----- Dataset records
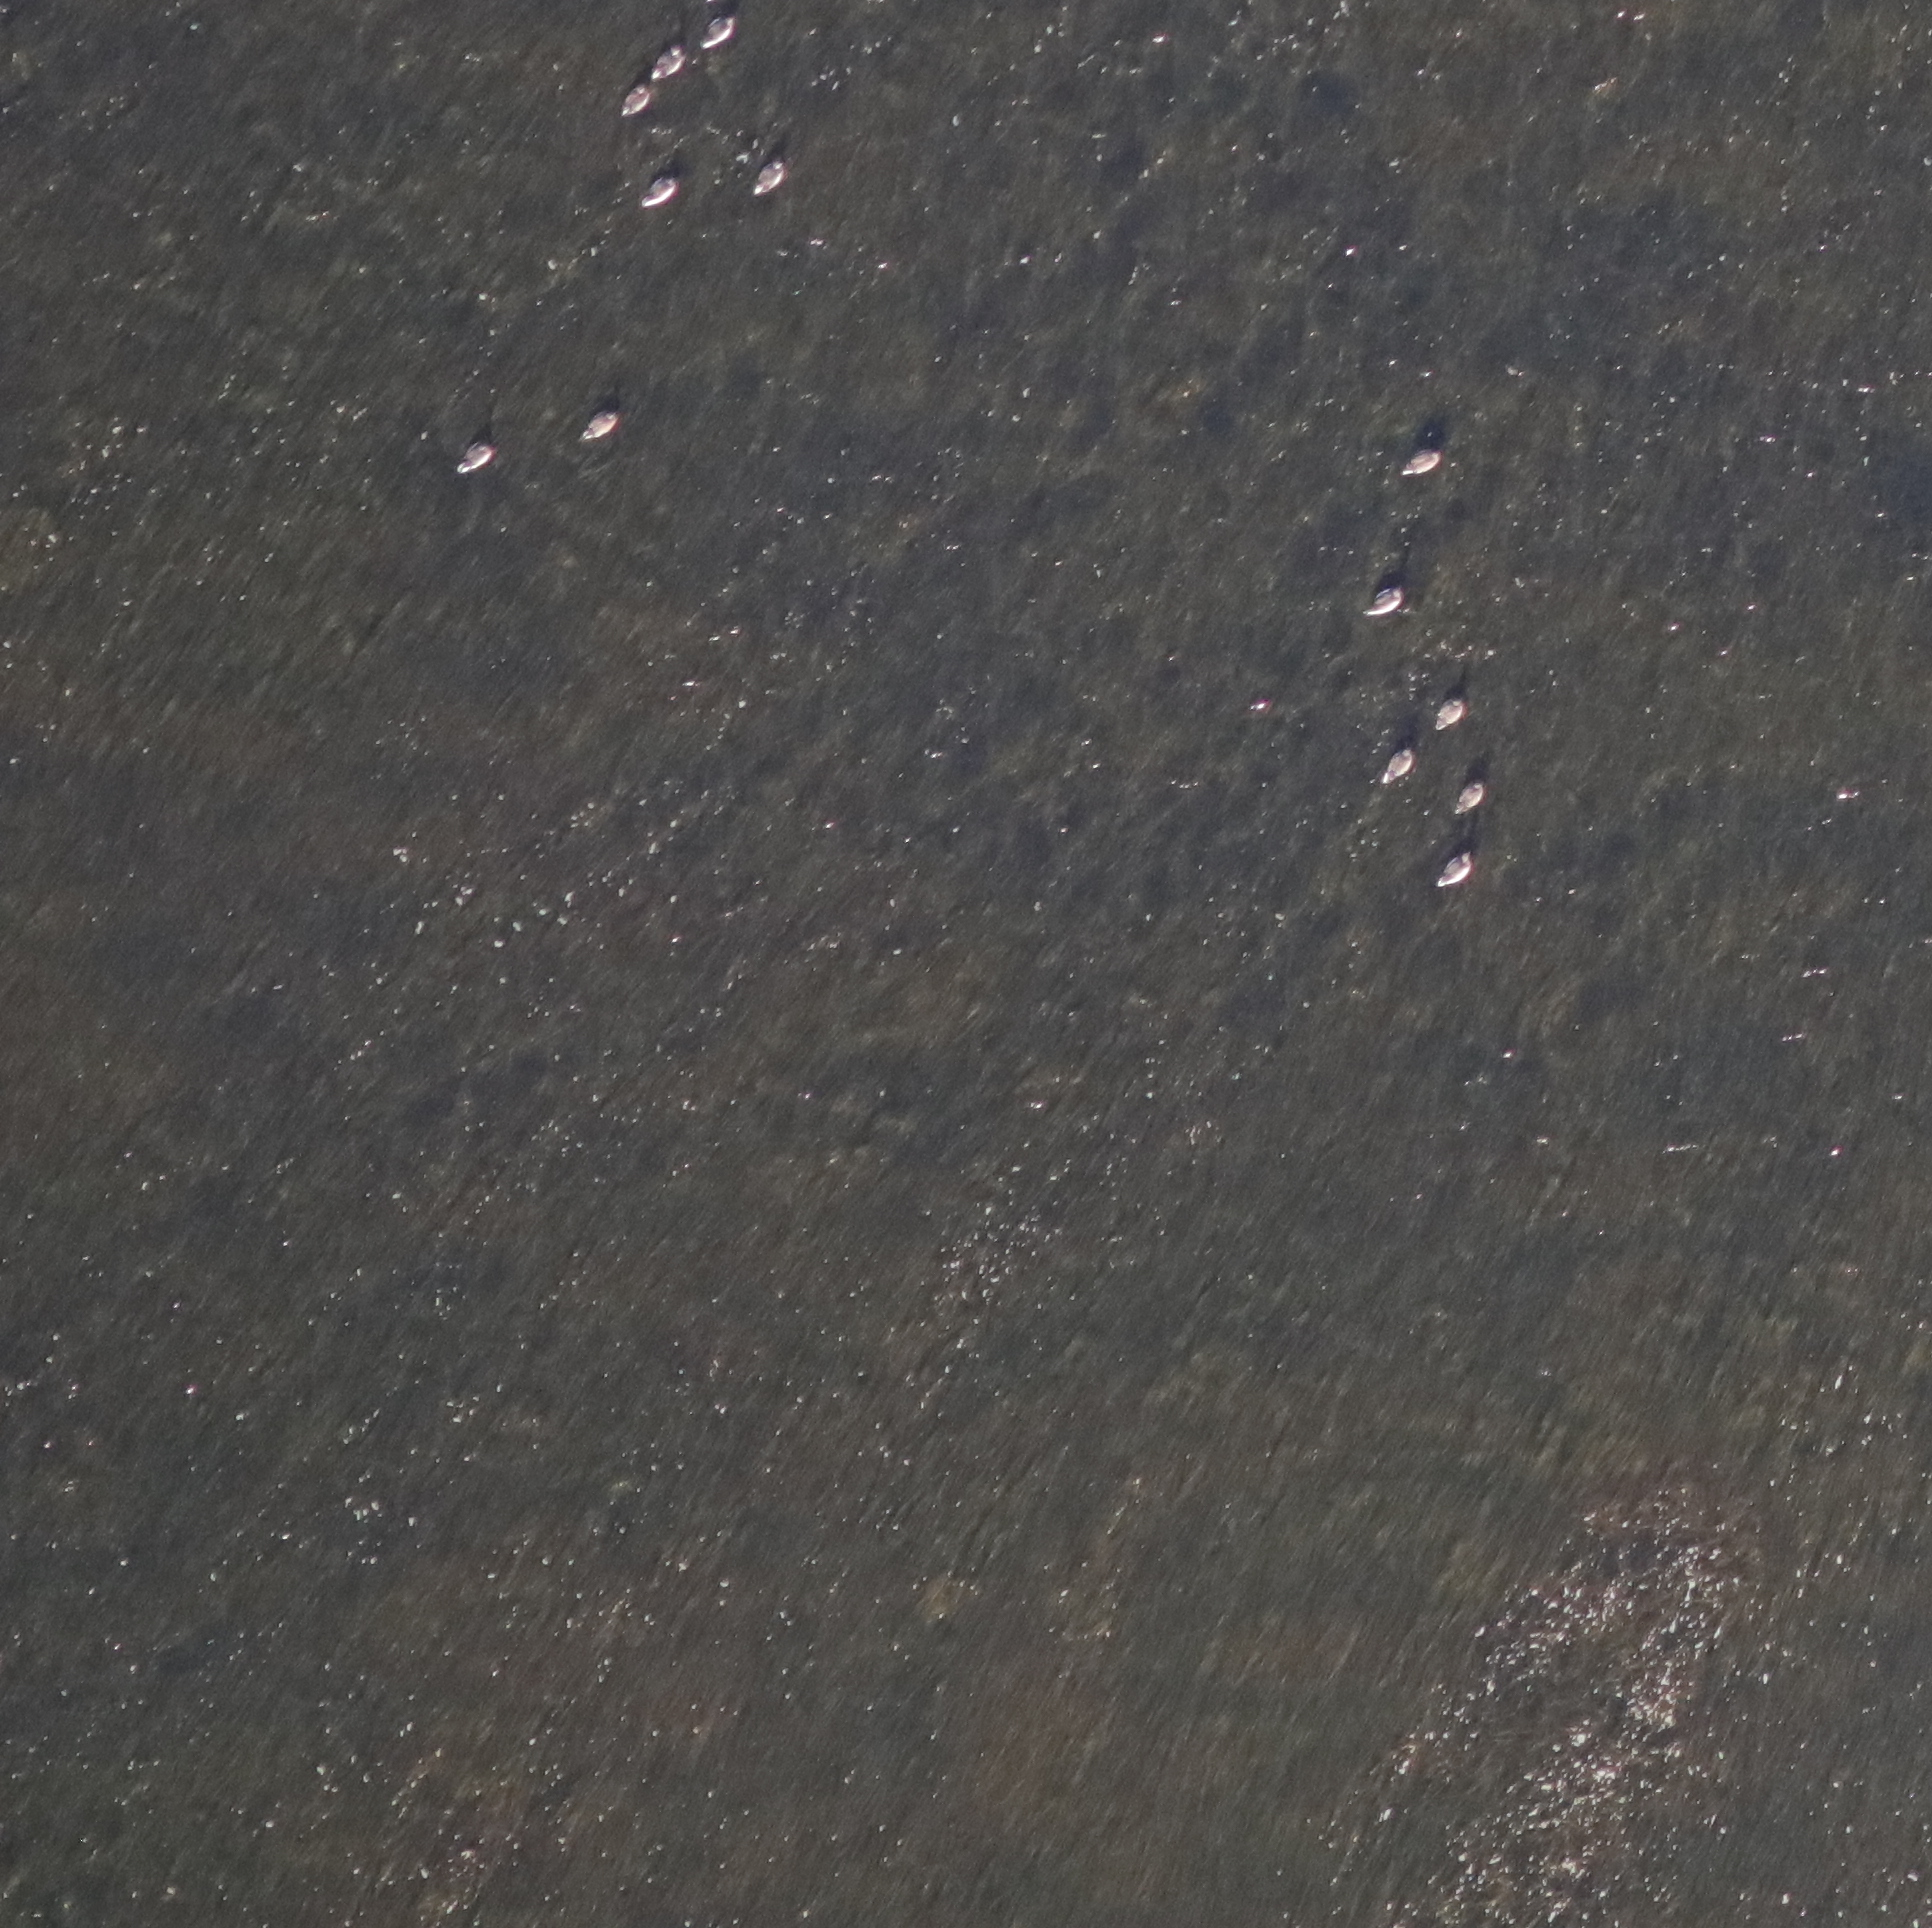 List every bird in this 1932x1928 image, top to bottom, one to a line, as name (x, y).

brant (717, 28)
brant (669, 64)
brant (636, 98)
brant (768, 178)
brant (660, 190)
brant (600, 424)
brant (475, 456)
brant (1421, 462)
brant (1384, 599)
brant (1452, 710)
brant (1398, 762)
brant (1469, 795)
brant (1455, 872)
----------
Problem to work on = Restate the entire listing word for word, excluding pictures.

Exercise answer =
 List every bird in this 1932x1928 image, top to bottom, one to a line, as name (x, y).

brant (717, 28)
brant (669, 64)
brant (636, 98)
brant (768, 178)
brant (660, 190)
brant (600, 424)
brant (475, 456)
brant (1421, 462)
brant (1384, 599)
brant (1452, 710)
brant (1398, 762)
brant (1469, 795)
brant (1455, 872)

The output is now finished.